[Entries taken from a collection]
▶
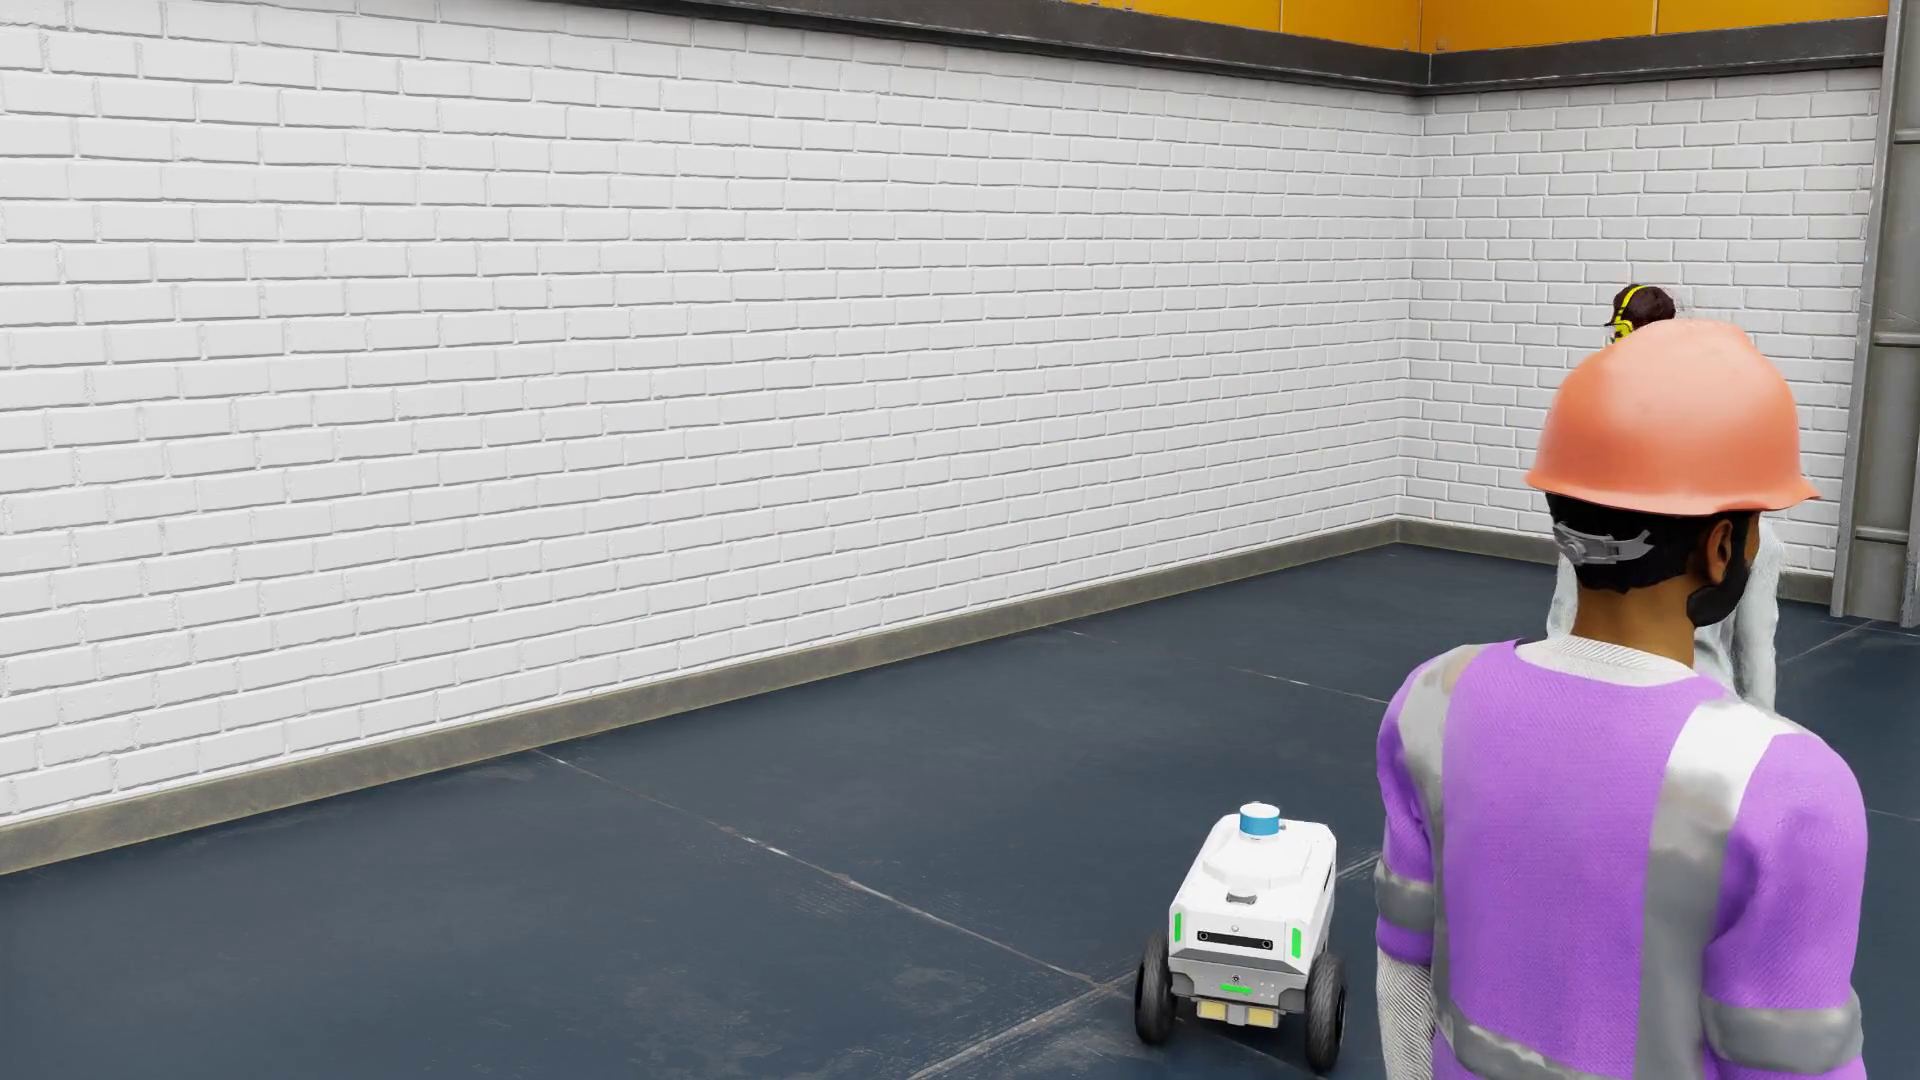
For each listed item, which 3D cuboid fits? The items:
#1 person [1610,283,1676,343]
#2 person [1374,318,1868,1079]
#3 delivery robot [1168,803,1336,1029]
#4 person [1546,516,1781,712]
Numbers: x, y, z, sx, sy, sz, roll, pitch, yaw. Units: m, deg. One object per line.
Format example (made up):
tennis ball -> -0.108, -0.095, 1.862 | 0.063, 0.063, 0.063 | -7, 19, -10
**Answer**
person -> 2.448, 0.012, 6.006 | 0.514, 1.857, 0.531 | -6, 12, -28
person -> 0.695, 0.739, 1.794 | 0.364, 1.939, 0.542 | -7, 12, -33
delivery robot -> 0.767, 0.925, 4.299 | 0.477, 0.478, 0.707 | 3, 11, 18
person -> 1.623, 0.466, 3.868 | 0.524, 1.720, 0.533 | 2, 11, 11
◀
**Task details**
For this exercise, please output exactly the lines above starting at the line with "#1 person [1610,283,1676,343]" and ending at the line with "tennis ball ->", ends included.

**Solution to this problem**
#1 person [1610,283,1676,343]
#2 person [1374,318,1868,1079]
#3 delivery robot [1168,803,1336,1029]
#4 person [1546,516,1781,712]
Numbers: x, y, z, sx, sy, sz, roll, pitch, yaw. Units: m, deg. One object per line.
Format example (made up):
tennis ball -> -0.108, -0.095, 1.862 | 0.063, 0.063, 0.063 | -7, 19, -10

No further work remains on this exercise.